- YOUR INSTRUCTIONS
Report how many lines below contain the word "pedestrian", giving the number and no other words.

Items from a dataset
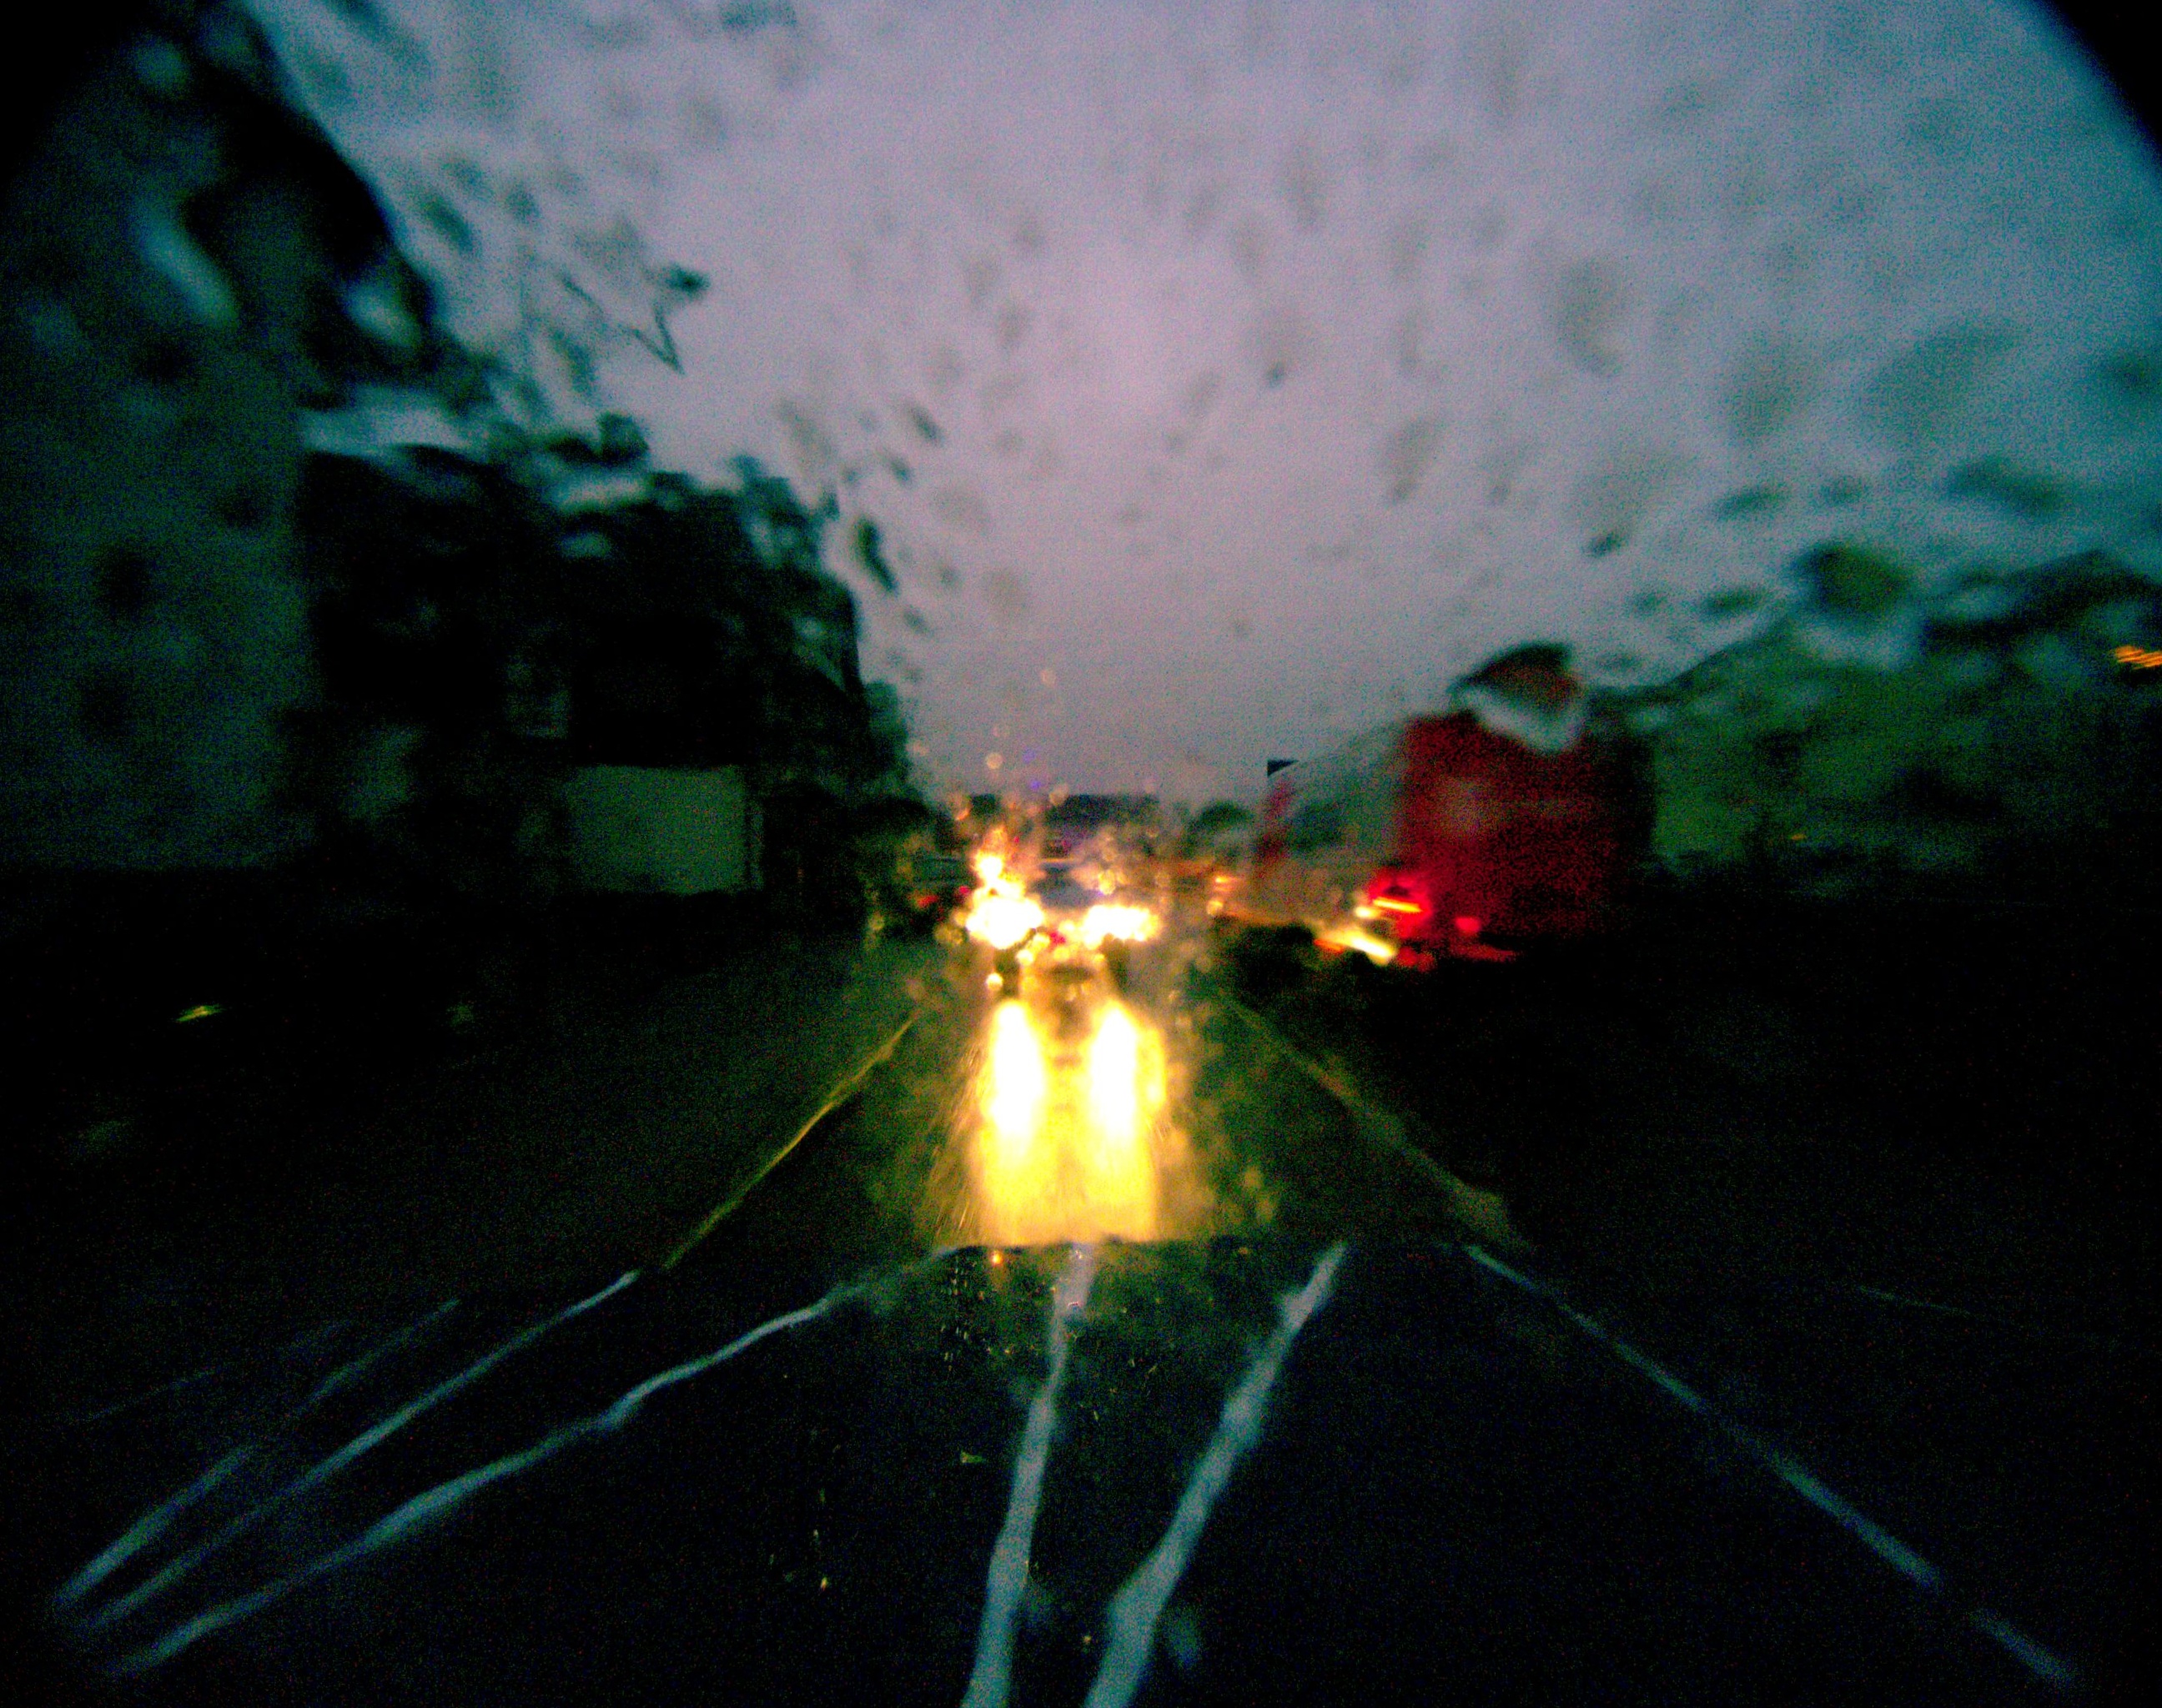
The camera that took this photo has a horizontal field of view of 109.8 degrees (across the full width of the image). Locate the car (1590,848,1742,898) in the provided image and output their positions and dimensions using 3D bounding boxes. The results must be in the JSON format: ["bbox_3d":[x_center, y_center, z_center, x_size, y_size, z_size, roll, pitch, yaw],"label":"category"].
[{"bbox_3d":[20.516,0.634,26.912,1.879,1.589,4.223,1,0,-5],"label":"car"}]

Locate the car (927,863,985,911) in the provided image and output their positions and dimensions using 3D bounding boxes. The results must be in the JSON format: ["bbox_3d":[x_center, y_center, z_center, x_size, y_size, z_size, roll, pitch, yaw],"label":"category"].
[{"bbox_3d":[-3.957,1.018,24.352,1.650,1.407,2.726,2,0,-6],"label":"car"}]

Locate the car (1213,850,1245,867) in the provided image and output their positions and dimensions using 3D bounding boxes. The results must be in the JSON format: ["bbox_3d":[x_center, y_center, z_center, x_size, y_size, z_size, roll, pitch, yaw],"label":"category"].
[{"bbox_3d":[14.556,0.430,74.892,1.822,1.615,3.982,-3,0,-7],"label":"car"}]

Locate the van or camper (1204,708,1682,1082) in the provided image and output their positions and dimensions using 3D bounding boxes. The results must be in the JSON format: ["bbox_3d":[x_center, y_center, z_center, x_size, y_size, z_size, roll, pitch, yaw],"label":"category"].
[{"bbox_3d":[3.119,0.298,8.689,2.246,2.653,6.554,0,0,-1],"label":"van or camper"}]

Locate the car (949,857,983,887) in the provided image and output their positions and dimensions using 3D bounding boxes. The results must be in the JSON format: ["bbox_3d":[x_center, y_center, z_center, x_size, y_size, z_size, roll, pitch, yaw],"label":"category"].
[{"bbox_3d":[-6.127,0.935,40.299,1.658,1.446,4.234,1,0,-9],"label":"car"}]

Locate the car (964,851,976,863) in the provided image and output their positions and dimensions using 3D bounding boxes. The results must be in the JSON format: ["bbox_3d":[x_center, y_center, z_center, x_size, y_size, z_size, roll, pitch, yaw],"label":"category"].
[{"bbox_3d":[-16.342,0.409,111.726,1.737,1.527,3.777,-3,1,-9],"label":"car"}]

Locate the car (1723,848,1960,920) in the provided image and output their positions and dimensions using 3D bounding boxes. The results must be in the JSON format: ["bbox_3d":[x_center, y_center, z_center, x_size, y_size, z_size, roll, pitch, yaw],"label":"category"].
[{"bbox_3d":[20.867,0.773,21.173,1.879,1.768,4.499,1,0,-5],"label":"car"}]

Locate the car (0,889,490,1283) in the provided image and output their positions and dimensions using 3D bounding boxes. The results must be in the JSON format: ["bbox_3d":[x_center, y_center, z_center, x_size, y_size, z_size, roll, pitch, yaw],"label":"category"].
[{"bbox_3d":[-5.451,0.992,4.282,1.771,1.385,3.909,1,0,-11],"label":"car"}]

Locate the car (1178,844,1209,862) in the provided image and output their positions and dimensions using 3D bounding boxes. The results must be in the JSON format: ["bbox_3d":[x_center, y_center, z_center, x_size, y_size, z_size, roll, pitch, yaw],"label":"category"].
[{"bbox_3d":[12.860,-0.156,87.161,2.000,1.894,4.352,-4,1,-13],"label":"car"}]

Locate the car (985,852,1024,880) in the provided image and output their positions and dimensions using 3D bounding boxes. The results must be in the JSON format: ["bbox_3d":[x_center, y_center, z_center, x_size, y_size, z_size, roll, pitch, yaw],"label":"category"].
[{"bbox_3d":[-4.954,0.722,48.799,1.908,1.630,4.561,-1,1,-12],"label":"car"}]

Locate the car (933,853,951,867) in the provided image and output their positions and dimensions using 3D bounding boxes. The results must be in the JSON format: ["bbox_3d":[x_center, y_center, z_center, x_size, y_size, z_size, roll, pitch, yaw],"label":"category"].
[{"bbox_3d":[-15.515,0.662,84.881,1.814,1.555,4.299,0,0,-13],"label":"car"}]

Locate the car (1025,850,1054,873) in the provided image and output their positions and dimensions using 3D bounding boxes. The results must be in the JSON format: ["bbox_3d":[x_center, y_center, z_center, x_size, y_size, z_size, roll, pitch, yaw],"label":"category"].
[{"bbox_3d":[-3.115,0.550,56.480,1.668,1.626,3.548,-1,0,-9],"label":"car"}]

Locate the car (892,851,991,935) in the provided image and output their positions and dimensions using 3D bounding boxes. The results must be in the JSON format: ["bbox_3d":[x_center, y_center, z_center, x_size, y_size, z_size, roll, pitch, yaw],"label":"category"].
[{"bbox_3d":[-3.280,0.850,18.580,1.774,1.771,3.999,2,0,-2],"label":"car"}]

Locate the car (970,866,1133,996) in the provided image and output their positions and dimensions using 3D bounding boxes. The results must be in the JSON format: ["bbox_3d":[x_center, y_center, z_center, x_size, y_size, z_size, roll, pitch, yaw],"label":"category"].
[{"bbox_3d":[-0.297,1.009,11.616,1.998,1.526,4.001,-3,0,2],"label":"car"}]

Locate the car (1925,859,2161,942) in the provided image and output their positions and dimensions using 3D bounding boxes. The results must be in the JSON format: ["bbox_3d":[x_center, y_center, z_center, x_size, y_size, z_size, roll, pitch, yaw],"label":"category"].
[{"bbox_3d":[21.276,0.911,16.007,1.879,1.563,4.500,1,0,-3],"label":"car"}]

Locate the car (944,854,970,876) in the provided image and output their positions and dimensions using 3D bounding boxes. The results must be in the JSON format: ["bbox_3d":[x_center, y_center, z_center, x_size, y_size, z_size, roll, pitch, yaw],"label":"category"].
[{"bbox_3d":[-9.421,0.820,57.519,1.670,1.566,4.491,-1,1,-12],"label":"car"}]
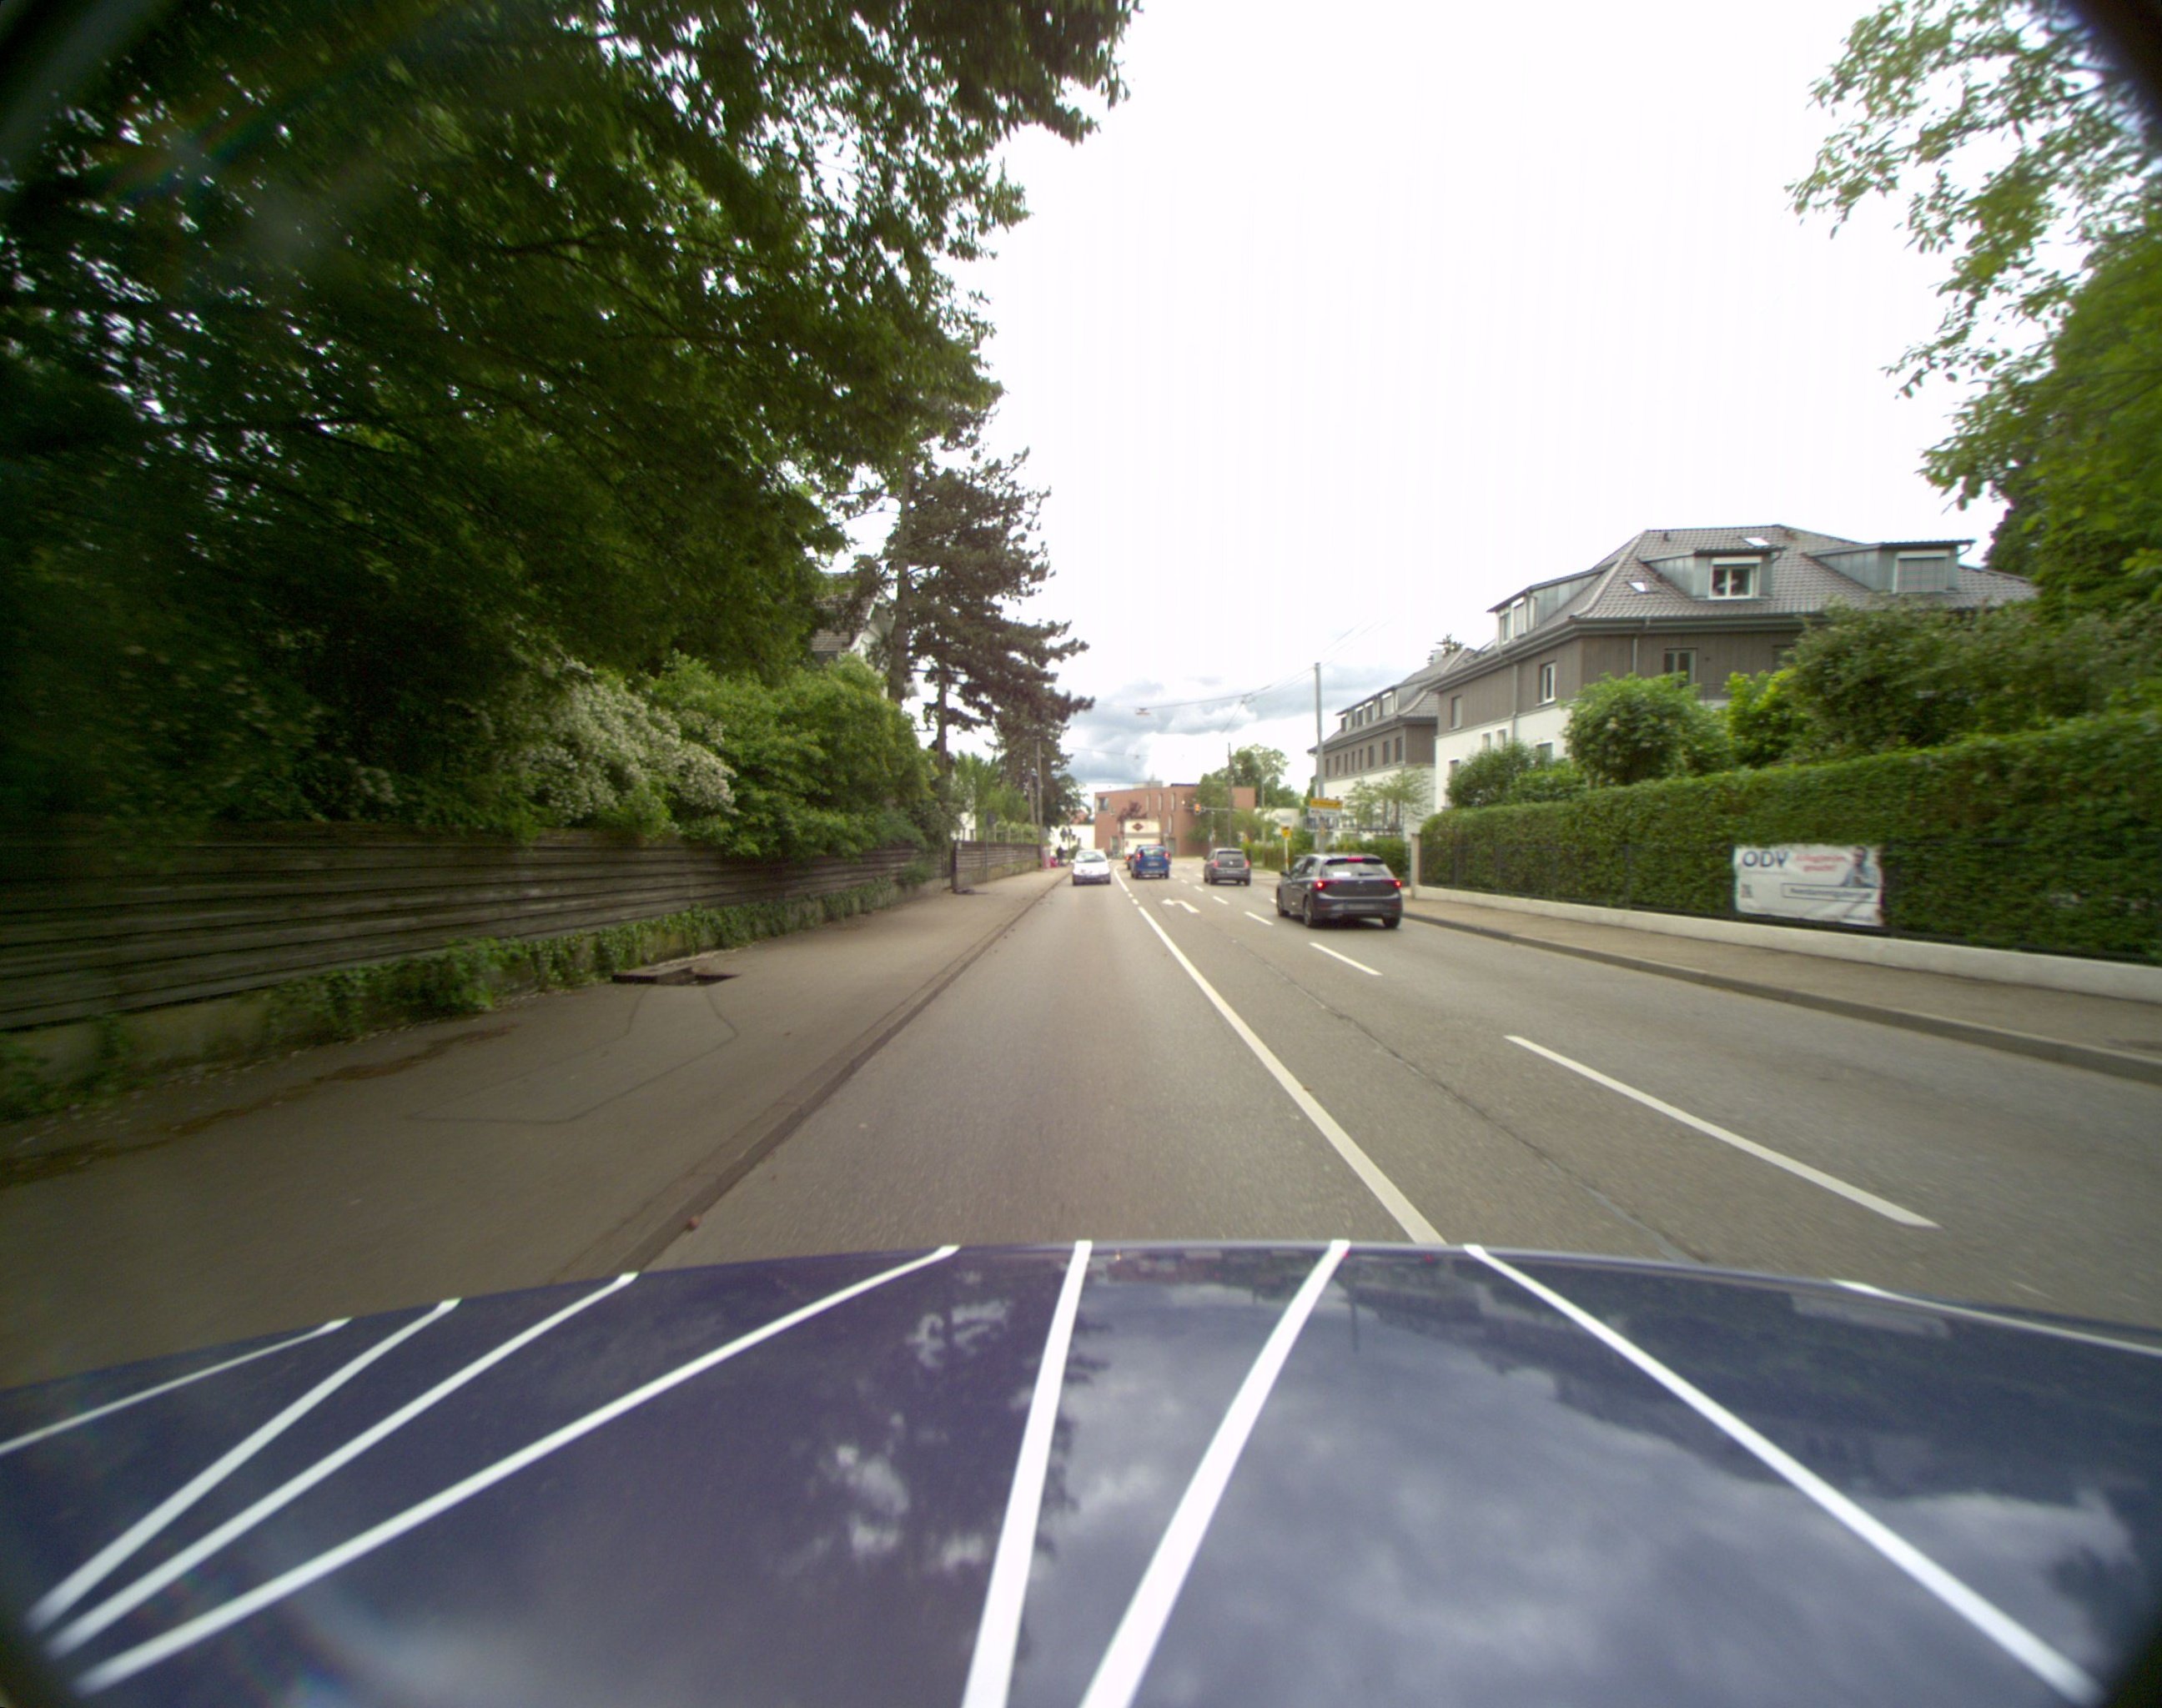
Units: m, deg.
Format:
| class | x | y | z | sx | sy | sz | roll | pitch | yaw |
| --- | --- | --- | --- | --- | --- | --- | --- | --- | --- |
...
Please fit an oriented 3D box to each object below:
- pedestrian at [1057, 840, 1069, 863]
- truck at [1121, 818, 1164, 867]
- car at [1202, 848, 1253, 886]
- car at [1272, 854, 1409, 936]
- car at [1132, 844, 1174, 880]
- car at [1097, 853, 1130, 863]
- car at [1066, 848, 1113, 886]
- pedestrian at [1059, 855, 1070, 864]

- SOLUTION TO THIS TASK
2